Copy the entries below word for word, but omit any pictures they contain.

- **SUPPLIED MATERIAL**:

----

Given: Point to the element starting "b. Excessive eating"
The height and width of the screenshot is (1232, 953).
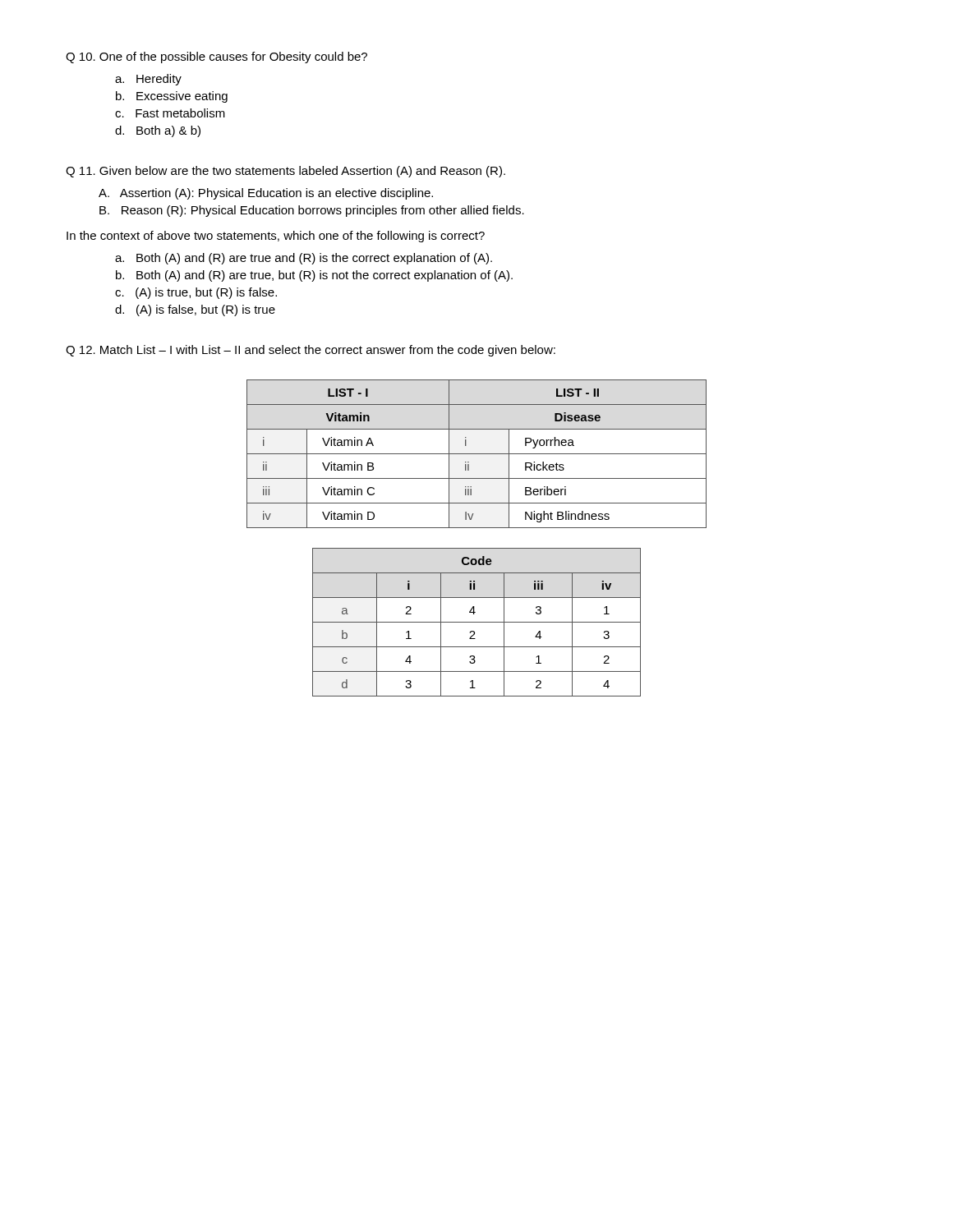Looking at the screenshot, I should pos(172,96).
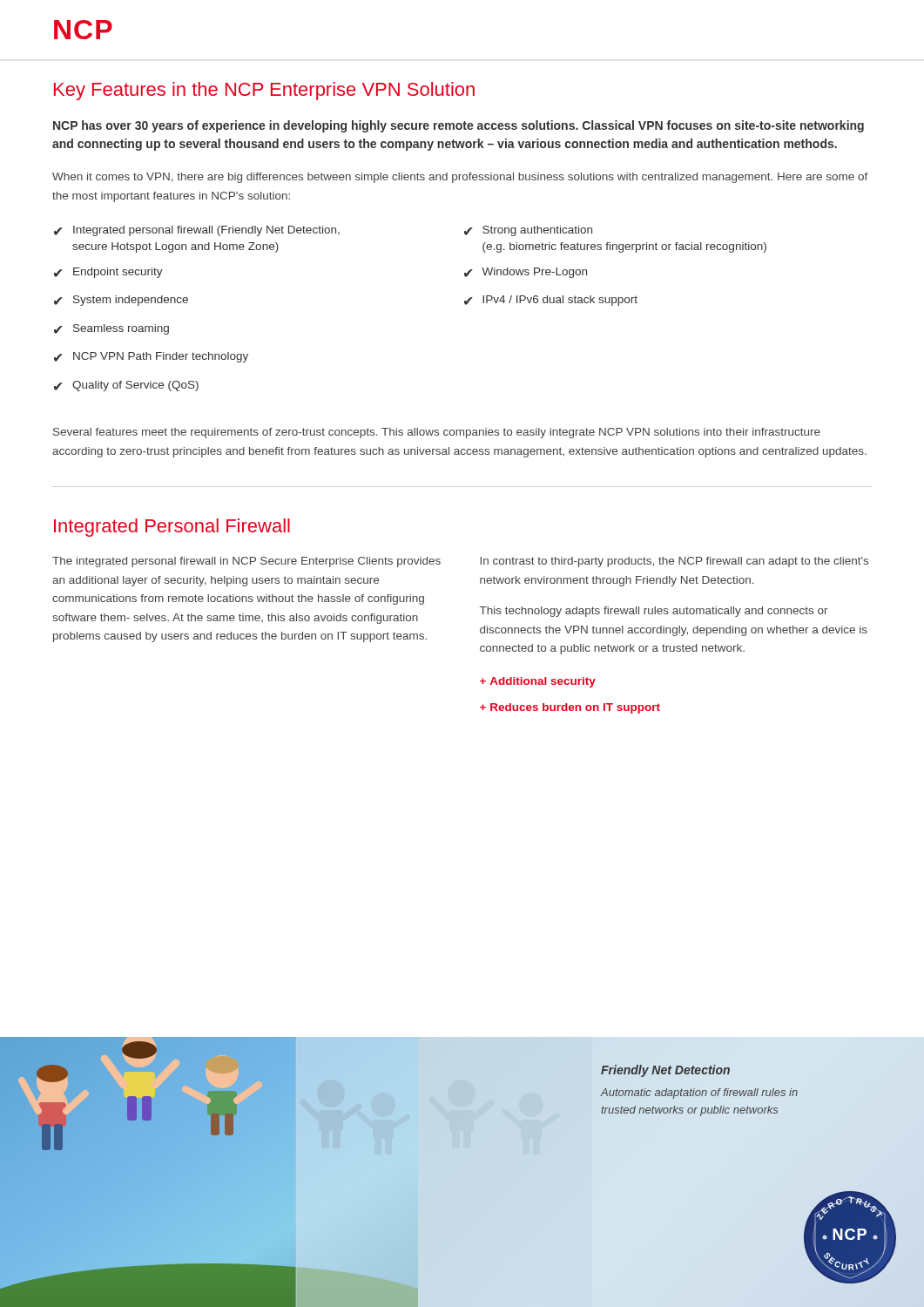Navigate to the block starting "In contrast to third-party products,"

(x=674, y=570)

----

- **TASK ANSWER**:
Given: Point to the element starting "b. Excessive eating"
The height and width of the screenshot is (1232, 953).
Looking at the screenshot, I should pos(172,96).
Navigate to the block starting "In contrast to third-party products,"

(x=674, y=570)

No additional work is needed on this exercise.